= Ron DeGregorio =

Ron DeGregorio is an American ice hockey executive. He was the president of USA Hockey from 2003 to 2015, when he was elected the organization's fourth president since 1937 in 2003. He was awarded the Lester Patrick Trophy the same year.

==Career==
DeGregorio has been involved with ice hockey for more than 40 years. DeGregorio was first appointed to a USA Hockey post in 1973, when he was named the registrar for the New England District. He was elected to the USA Hockey board of directors in 1975, and later became the vice president of youth hockey. He was the treasurer in the 1980s. In 1995, DeGregorio was elected vice president and chairman of the USA Hockey International Council. He held those positions until 2003, when he was elected president. He has also represented the U.S. at numerous international events, including the Winter Olympics. As president, DeGregorio has been responsible for numerous ceremonial functions; for example, DeGregorio honoured Mike Modano during an on-ice presentation as the top US-born scorer in the National Hockey League.
For his efforts to build ice hockey in the United States, he was award the Lester Patrick Trophy in 2003.
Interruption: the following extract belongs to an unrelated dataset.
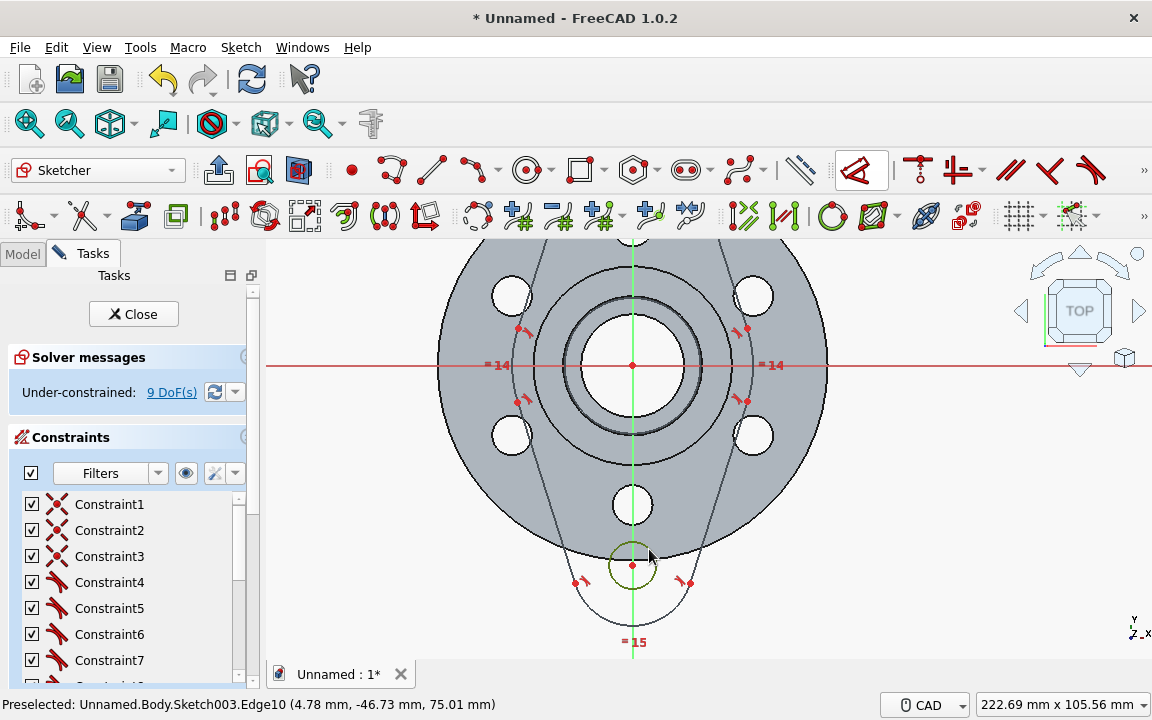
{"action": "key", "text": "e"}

DeGregorio is the originator of "Mini One-On-One", an ice hockey competition for youth. It has been broadcast on the Boston Bruins' television network. Outside of ice hockey, DeGregorio is the president of the PenFacs Group, a firm that specializes in investment and insurance.

DeGregorio is included as a featured person in the 2010 publication “American Ice Hockey Administrators” (ISBN 1158330243)

==Personal life==
DeGregorio currently resides in Salem, New Hampshire with his wife Susan. He was once one of the three owners of the Kentucky Thoroughblades of the American Hockey League.